When it comes to shopping for a car, most people don’t buy on price – they buy the payment.
But a new study says most drivers can’t really afford to buy a set of wheels – even the gently used vehicles most financial guides recommend – to begin with.
American comparison site iSeeCars.com analyzed 25 million used cars sold in the 50 largest metropolitan areas in the U.S. and concluded most of those purchases would leave the average household over-extended.
Things are likely worse on this side of the border since comparisons between Canada and U.S. prices regularly show that Canadians pay significantly more than Americans for their vehicles.
Too Much Car, Too Little Income
As a baseline, the study used the ‘20/4/10’ rubric, which calls for used car buyers to put down 20 per cent, take out a loan for no longer than four years and spend no more 10 per cent (15 per cent if you add in maintenance and car insurance) of their monthly income on a car payment.
Using that formula, it’s clear that many car buyers are juggling payments that are higher than they can really handle, and for a term far longer than ideal, to get behind the wheel.
The reality for both used and new car buyers is that the days of taking out a car loan and paying it off within 48 months are long gone.
Instead, faced with less disposable income, Canadians are opting for loans with bi-weekly or even weekly payments that mask underlying costs like interest and depreciation and make car loans look a lot cheaper than they really are.
The 8-Year Car Loan
Some car loans actually extend for as long as eight years, which is approaching the average lifespan of a vehicle in Canada.
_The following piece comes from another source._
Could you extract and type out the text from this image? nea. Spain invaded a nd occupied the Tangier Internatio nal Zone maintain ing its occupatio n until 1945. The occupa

What’s more, the average payment on a car loan now stands at a whopping $549 a month, according to the latest data from J.D. Power & Associates.
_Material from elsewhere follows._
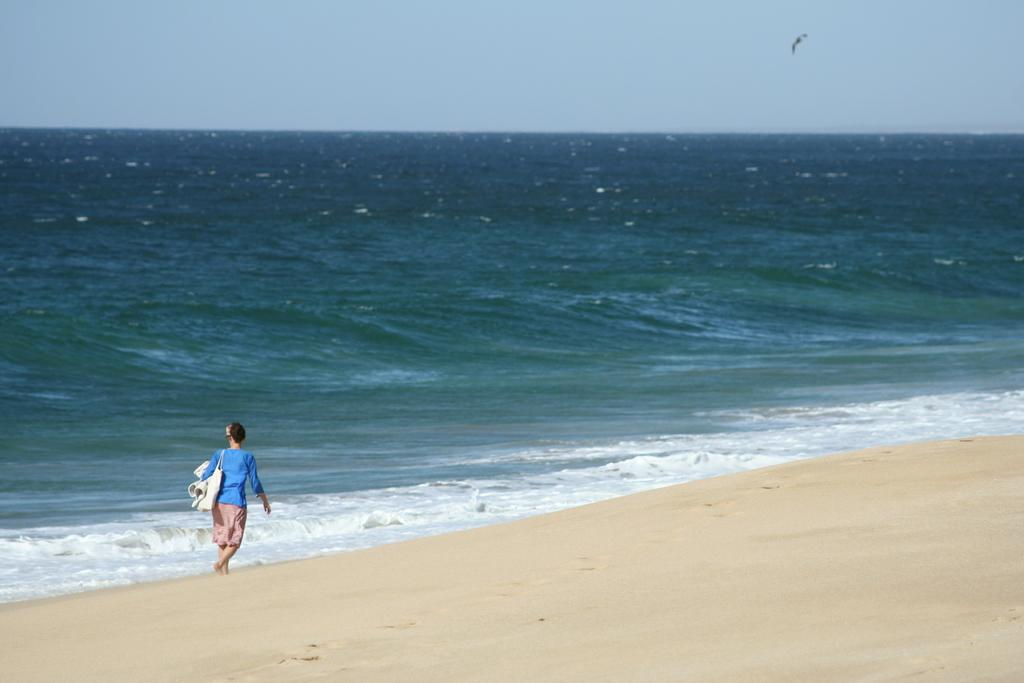Who is present in the image? There is a woman in the image. What is the woman wearing? The woman is wearing a bag. What is the woman holding in the image? The woman is holding a cloth. Where is the woman located in the image? The woman is walking on the seashore. What can be seen in the background of the image? There is a large water body and the sky visible in the image. What is the tax rate for the year depicted in the image? There is no information about the tax rate or the year in the image. How many lizards can be seen on the woman's shoulder in the image? There are no lizards present in the image. 
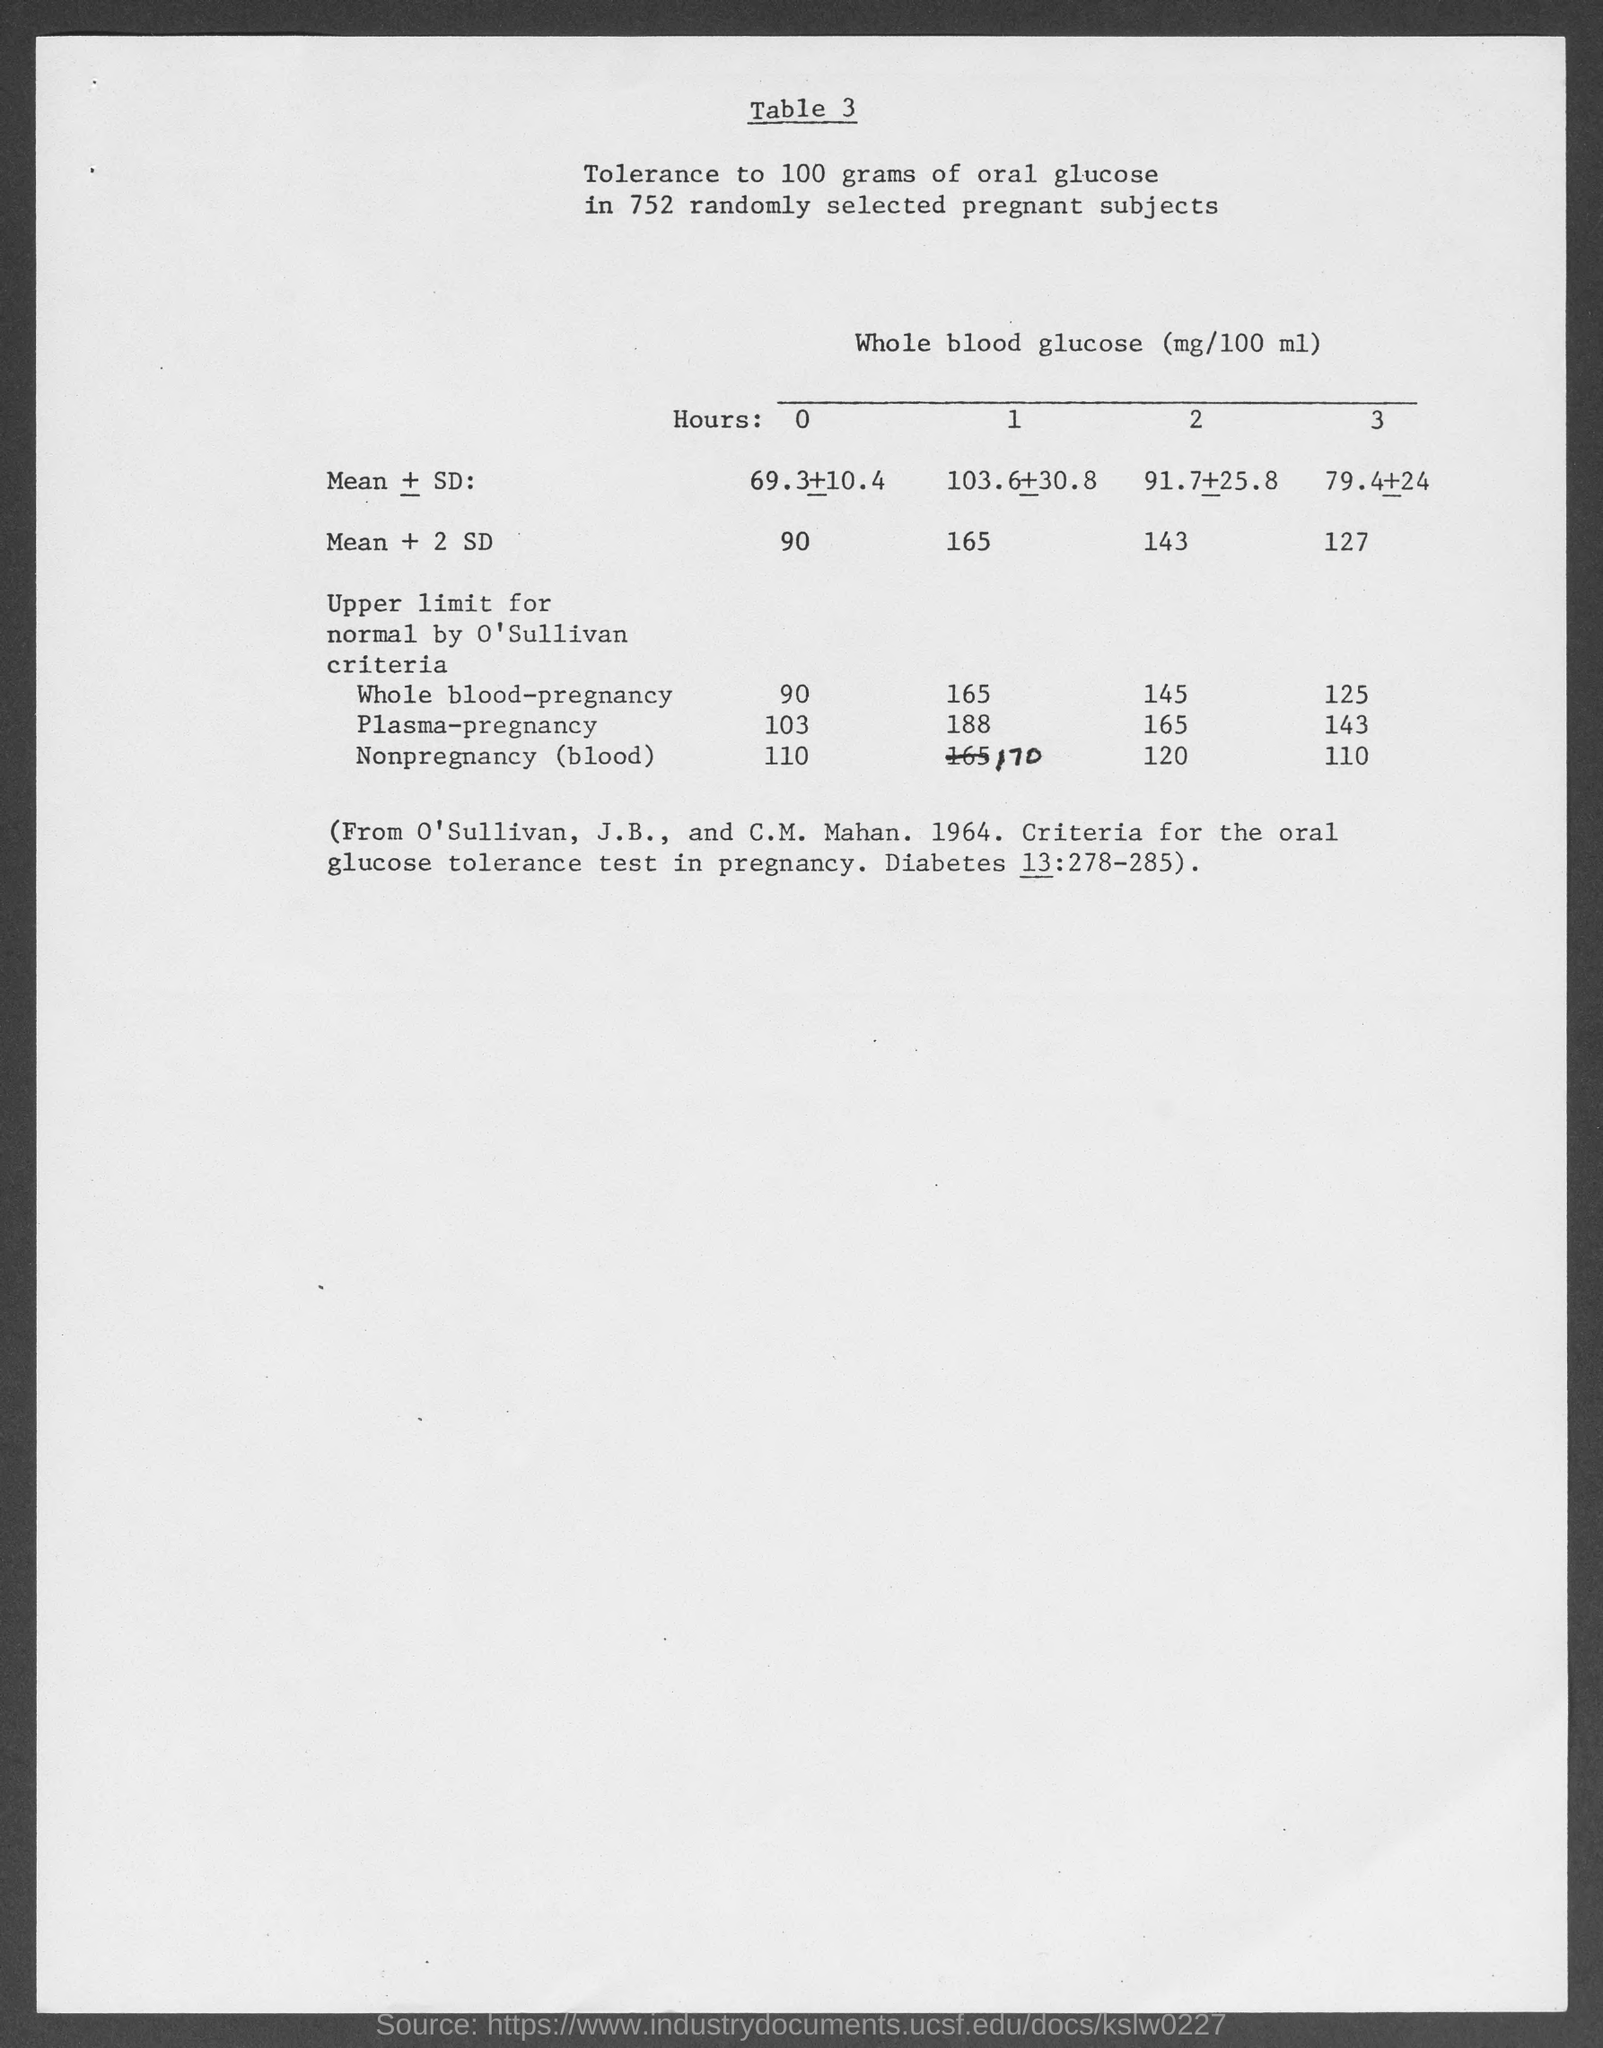What is the table no.?
Keep it short and to the point. 3.

The problem with opting for longer repayment terms is that your car may actually lose its value faster than you can pay off the loan.
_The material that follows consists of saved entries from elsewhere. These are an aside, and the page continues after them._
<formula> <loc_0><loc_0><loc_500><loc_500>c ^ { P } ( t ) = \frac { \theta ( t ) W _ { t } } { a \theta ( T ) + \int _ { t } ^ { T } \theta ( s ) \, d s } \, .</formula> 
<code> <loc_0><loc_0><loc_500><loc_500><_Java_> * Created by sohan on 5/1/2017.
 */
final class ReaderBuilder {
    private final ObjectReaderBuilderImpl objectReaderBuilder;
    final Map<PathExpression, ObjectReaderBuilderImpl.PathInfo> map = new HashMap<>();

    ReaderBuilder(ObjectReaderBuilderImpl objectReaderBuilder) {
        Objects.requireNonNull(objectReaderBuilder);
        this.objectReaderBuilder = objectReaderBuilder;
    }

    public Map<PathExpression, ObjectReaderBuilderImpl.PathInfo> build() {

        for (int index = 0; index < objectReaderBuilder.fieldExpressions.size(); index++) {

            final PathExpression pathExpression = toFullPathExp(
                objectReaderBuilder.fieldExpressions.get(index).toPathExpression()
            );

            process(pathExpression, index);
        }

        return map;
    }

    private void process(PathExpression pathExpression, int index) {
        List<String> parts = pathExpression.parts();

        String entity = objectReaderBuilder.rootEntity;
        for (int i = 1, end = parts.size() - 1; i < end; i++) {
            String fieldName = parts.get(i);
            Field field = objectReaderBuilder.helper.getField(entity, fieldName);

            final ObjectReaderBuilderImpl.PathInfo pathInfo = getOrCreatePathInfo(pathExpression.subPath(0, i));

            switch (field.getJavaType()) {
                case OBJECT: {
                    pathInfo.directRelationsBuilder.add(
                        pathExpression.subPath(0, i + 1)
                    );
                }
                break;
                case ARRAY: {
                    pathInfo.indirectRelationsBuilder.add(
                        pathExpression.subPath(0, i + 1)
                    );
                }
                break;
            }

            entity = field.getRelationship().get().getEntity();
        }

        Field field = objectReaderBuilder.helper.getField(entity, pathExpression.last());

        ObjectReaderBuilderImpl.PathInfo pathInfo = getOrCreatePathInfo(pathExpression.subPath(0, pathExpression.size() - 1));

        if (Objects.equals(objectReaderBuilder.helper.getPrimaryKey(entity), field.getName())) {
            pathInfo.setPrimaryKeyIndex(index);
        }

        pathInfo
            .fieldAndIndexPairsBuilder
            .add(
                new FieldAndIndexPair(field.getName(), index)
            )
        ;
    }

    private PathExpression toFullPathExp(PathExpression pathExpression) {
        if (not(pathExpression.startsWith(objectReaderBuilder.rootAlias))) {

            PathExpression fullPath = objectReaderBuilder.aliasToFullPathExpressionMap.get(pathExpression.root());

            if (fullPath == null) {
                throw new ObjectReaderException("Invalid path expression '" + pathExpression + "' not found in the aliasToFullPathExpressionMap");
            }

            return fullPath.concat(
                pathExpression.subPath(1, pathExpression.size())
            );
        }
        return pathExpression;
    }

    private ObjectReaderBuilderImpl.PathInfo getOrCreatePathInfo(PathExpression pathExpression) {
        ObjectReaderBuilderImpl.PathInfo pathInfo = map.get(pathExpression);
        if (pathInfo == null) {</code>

While drivers have been making their payments so far, economic blips – like a sudden jump in interest rates or unemployment – could change things in a hurry, leaving them or their banks holding the bag, according to a report from ratings agency Moody’s.
The Moody’s report says the combination of low interest rates and longer terms has been encouraging drivers to opt for more expensive, and often imported, rides with little thought to the future.
Too Many Loans Underwater
If default rates rise, however, lenders could be left owning cars that are worth less than they’re owed – a potential worry for banks that have been depending on auto financing profits, Moody’s warns.
Growth in auto loans has outpaced that of mortgages, credit cards, and personal lines of credit over the last seven years, according to the report.
The good news is that used-car prices may finally be heading down. A few years ago, because money was tight, fewer buyers were purchasing new cars. That meant a shrinking supply of used cars, as there were fewer trade-ins or vehicles coming off lease.
Leasing subsequently picked up though, with more cars coming back to dealerships as used cars.
“The abundance of returned lease cars should result in used cars coming off their historical highs of recent years, representing good buys for consumers,” predicts AutoTrader.com analyst Michelle Krebs.